Accepted Paper

Ecological powers of horror, or an abject political ecology   
Jared Margulies (University of Alabama)

Presentation short abstract

How political ecology has generally evaded the unconscious trouble that sits at the heart of abjection.

Presentation long abstract

Psychoanalyst and feminist philosopher Julia Kristeva’s concept of abjection has recently received greater attention in scholarship on the political geographies and ecologies of non-human life. Developed in her canonical book, Powers of Horror, Kristeva’s conceptualizing of abjection as the casting off that which is seen as repulsive, unwanted, and disgusting in the subject—that which is both part and not-part of ourselves—is not new to geography.
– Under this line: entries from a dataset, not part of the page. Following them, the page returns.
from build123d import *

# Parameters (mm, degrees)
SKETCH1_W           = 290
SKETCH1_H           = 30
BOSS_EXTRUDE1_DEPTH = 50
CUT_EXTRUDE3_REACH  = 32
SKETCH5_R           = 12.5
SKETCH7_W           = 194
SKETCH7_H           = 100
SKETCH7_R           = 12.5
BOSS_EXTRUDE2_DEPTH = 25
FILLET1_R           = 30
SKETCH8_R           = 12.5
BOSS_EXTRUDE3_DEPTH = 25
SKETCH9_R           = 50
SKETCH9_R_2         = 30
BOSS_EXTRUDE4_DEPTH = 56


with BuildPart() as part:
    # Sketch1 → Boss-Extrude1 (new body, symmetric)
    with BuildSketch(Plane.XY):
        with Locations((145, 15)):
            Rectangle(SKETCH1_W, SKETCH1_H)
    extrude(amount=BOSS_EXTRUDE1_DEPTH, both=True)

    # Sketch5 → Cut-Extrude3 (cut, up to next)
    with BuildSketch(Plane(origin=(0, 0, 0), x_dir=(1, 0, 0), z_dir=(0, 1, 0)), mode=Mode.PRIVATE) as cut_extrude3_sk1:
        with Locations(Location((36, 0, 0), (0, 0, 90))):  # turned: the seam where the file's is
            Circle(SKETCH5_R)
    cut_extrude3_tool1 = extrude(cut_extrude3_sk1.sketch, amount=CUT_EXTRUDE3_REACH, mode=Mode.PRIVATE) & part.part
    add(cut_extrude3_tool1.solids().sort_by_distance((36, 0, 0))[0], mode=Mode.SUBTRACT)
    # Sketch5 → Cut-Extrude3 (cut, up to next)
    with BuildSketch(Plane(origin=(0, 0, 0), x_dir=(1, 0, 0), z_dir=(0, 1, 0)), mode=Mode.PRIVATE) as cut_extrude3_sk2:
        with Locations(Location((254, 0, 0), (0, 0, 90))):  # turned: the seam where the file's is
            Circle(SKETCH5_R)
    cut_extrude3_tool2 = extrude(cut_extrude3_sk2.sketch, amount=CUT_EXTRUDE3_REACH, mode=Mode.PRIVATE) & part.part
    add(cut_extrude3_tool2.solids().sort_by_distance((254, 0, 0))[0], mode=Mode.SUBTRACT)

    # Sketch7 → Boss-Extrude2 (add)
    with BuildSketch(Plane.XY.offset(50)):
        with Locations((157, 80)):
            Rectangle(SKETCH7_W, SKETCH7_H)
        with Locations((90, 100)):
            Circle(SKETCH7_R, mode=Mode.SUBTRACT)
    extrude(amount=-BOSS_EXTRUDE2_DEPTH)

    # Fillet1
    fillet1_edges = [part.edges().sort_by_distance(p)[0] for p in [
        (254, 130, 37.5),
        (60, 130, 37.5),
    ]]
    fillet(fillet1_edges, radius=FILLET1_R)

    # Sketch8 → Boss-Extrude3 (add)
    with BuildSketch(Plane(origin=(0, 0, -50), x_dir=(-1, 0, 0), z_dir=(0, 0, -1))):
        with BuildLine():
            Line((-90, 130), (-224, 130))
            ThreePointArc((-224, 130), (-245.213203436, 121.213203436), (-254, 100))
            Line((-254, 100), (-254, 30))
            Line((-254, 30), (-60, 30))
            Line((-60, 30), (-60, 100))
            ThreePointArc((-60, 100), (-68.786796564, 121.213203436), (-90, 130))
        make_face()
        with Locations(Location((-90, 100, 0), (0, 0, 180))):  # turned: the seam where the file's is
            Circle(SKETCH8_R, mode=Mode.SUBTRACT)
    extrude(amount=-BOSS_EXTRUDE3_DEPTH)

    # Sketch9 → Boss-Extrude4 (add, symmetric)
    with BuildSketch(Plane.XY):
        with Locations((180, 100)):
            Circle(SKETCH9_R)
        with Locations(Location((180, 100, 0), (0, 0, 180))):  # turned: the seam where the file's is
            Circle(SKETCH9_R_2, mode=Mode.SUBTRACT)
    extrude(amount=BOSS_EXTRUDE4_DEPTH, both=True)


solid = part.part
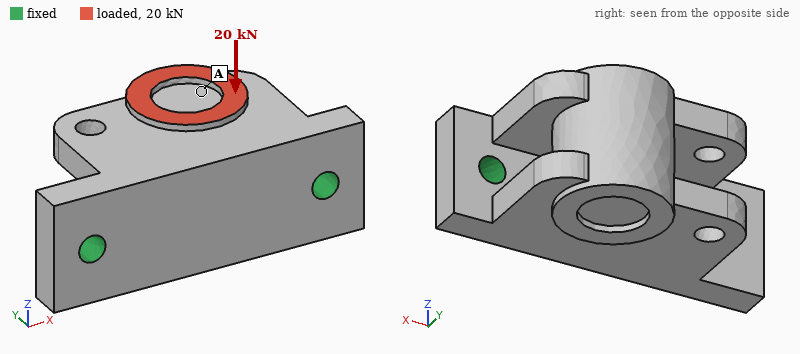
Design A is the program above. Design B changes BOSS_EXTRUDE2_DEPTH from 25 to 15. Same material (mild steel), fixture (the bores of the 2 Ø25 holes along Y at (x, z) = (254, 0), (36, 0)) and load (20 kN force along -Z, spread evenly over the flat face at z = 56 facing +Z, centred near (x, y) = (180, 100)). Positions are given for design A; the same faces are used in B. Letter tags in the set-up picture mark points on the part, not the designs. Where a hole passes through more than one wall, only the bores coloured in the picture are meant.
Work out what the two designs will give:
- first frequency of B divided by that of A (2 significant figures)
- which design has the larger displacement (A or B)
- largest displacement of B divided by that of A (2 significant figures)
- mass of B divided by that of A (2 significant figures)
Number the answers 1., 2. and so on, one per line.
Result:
1. 1.00
2. B
3. 1.1
4. 0.93
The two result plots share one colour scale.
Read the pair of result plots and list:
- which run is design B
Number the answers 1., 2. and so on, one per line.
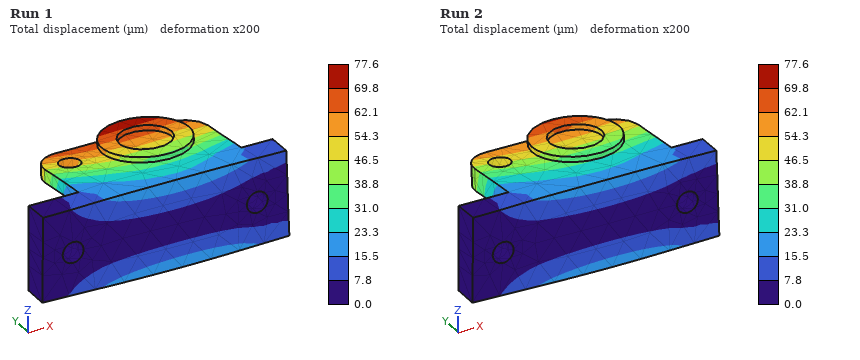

However, I argue the psychoanalytic primacy of abjection has been largely reduced to a biopolitical reading of abjection through the politics of bordering and exclusion. Lacking a deeper recognition of the abject as a confrontation with psychoanalytic anxiety, fear, and horror, in this paper, I seek to show how contemporary literature in geography and political ecology on ‘abject species’ has generally evaded the meaning and makings of unconscious trouble that sits at the heart of abjection, which is necessary for a richer and truly psychoanalytic development of an abject political ecology. To develop this argument, I will present a psychoanalytic reading of Kudzu (Pueraria montana), the well-known vining plant known colloquially in the United States as the “plant that ate the South.” Drawing on a rich body of geographic and environmental humanities literature on Kudzu and its spread across the US South, I will show how the horror of plant species (re)cast as invasives provide an opportunity for a distinctly psychoanalytic political ecology reading of more-than-human abjection. I conclude with suggestions for an abject political ecology research agenda.